Thursday, March 31, 2016

Accountable Algorithms

Guest Blogger

Joshua A. Kroll, Joanna Huey, Solon Barocas, Edward W. Felten, Joel R. Reidenberg, David G. Robinson, and Harlan Yu, Princeton University

For the “Unlocking the Black Box” Conference, April 2 at Yale Law School

Computers make decisions across a wide and growing spectrum of modern life; from consequential decisions such as counting votes, assigning visas, or approving credit to mundane decisions such as controlling the internal operation of cars, aircraft, and home appliances, automated decision making will only grow in importance.

However, as several recent news stories demonstrate, the governance of these systems is lacking, in large part because the approaches for governing human-mediated decision systems do not translate well to automated ones. This can be seen through many examples that have made news just in the past year: whether it is televisions that might be transmitting what you say in your living room to a foreign company; vehicle control computers programmed to detect emissions testing and reconfigure cars to defeat the test standards; or startups using machine learning to make loans to borrowers with nontraditional credit scoring standards and triggering discrimination concerns, the pattern is the same: software-mediated decisions today do not receive the same level of oversight as human-mediated decisions, nor is it easy to trust that they can be effectively overseen.

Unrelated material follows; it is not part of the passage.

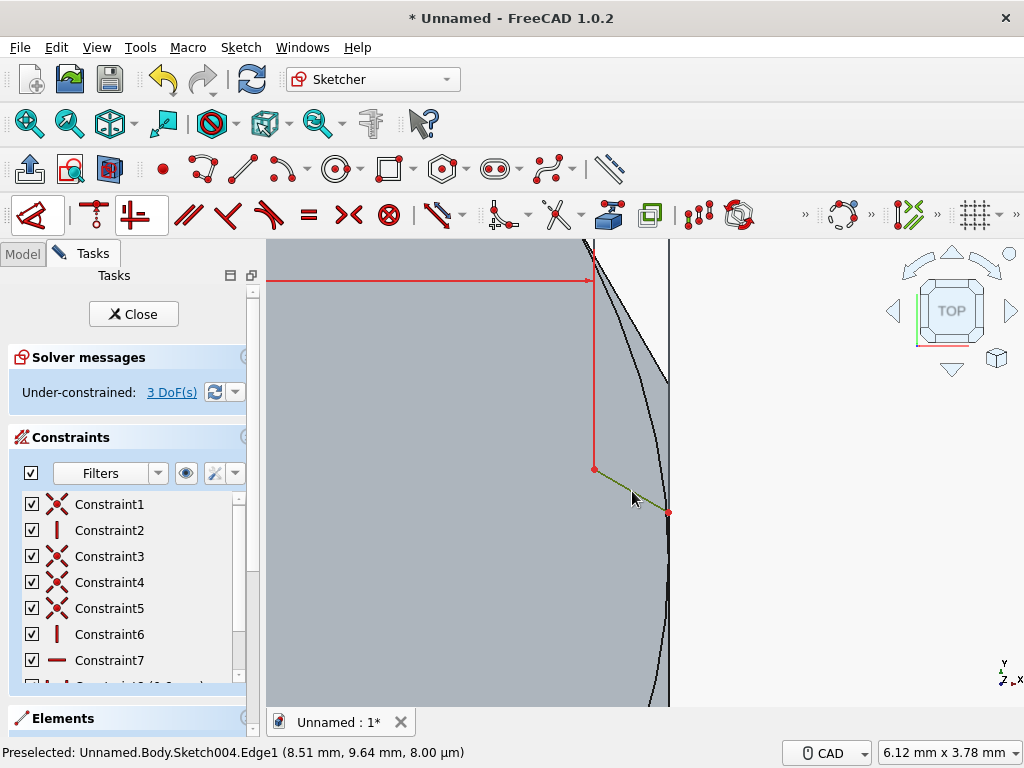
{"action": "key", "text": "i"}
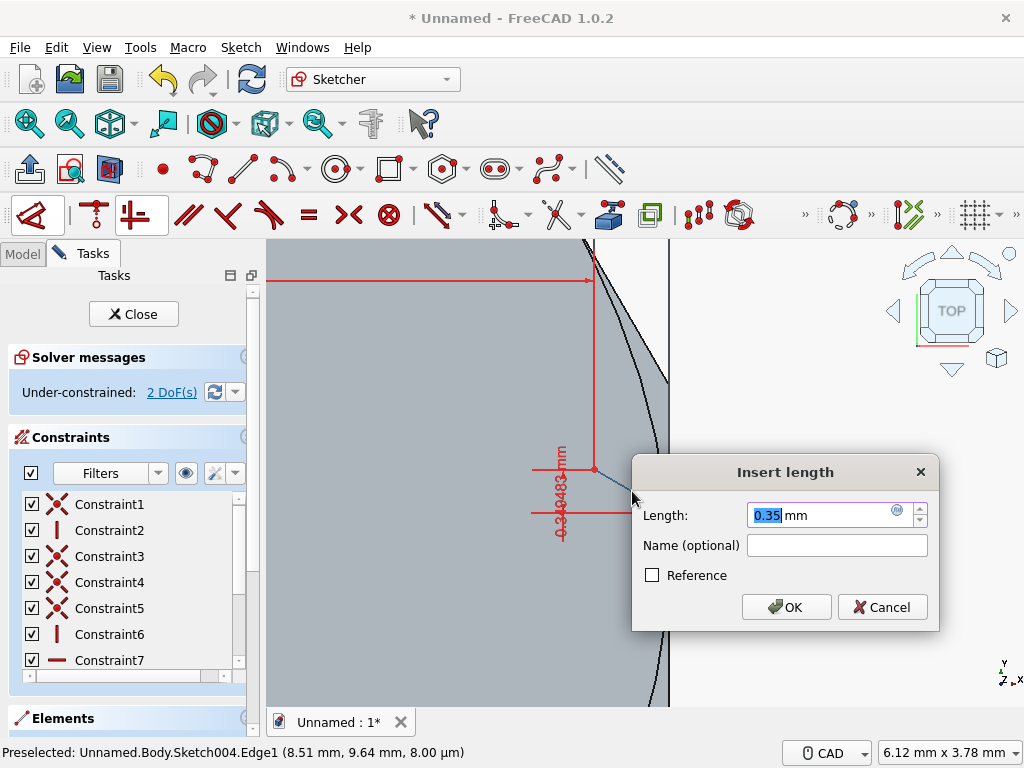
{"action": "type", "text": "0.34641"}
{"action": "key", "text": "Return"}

One approach to solving these problem is through transparency: if only we knew what software was running for any given decision and what data were fed to it, so the argument goes, we would understand whether the decision was made in a way which is socially, politically, or legally acceptable. However, on its own, transparency cannot solve many of these concerns.

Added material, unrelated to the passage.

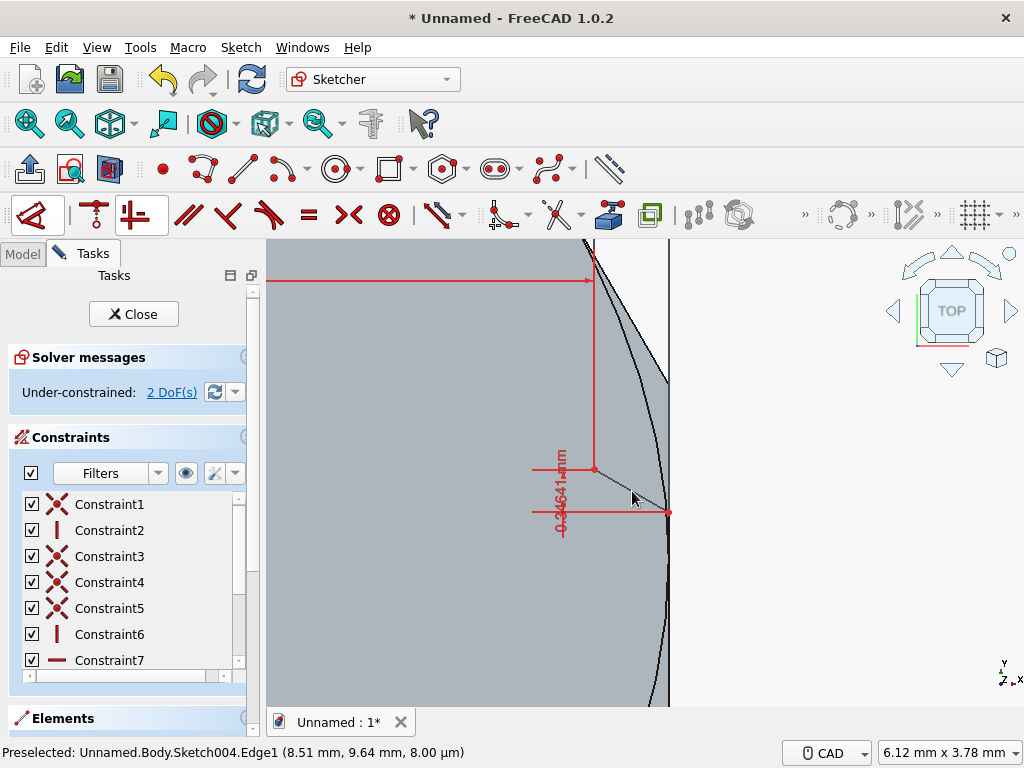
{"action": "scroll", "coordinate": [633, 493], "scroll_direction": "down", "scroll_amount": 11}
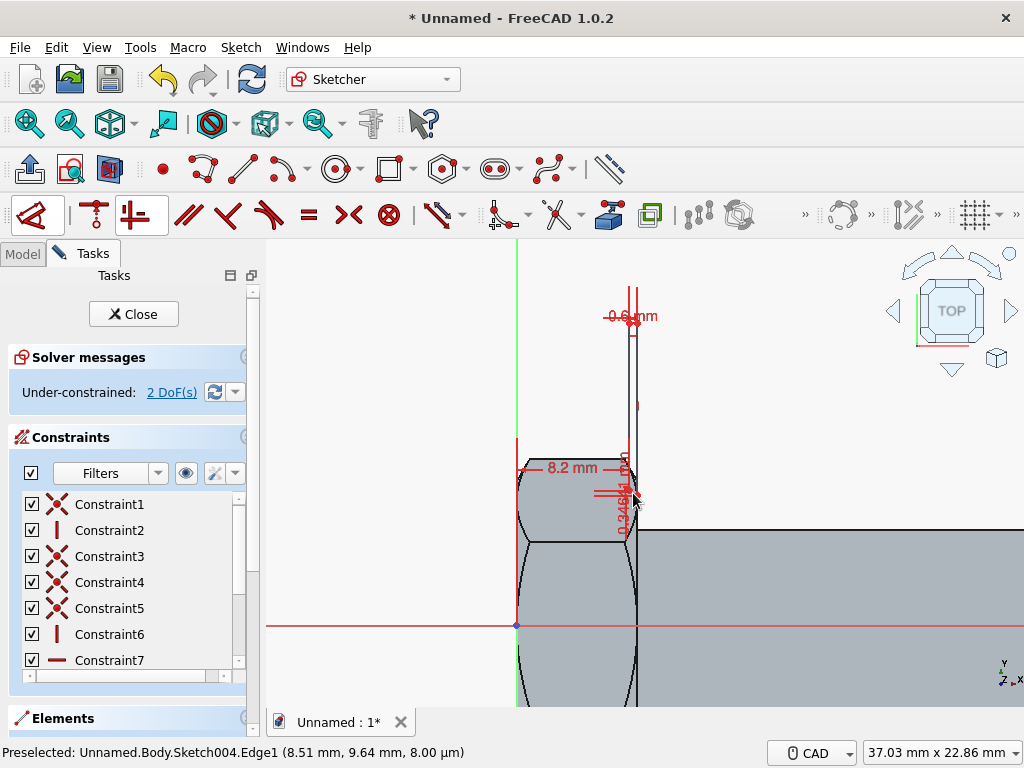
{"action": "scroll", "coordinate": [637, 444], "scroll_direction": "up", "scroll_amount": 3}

Technologists think about trust and assurance for computer systems a bit different from policymakers, seeking strong formal guarantees or trustworthy digital evidence that a system works as it is intended to or complies with a rule or policy objective rather than simple assurances that a piece of software acts in a certain way. This is because software is a discrete object, from which observations for particular inputs and outputs can only be generalized with knowledge of the program’s internal structure. Additionally, a computer system can run software that does anything a computer is capable of doing, and it is very hard to tell which software is actually running in any particular instance.

Disclosure of software source code or the data being fed into it can also run up against legitimate security and privacy concerns. Some systems or their data are even subject to legal restrictions on disclosure, while others might be protected by trade secret doctrine or contractual nondisclosure obligations. Many systems, such as those used for selecting people or packages for enhanced security checking, could not be made transparent without risking some strategic gaming by the subjects of those systems, rendering them less effective. As a result, full transparency is not always desirable or practical.

Even when we do know what software a system is running, there are fundamental technical limitations on how well that software can be analyzed to determine its behavior (these limits are important in practice, as any researcher trying to identify malware knows well). And in at least some cases, even understanding the software is not of much use: when a program interacts with and depends on its environment (as most interesting software does in at least some way), we can only be certain of its behavior if we understand the precise nature of those interactions. For example, the software code implementing a lottery might tell us that the lottery is a fair random selection, but it does not tell us how to repeat any particular lottery or whether the announced results of the lottery were the result of a single fair execution or the result of post-selection across many runs of the software. That is, transparency is not always helpful in determining what a computer system actually did.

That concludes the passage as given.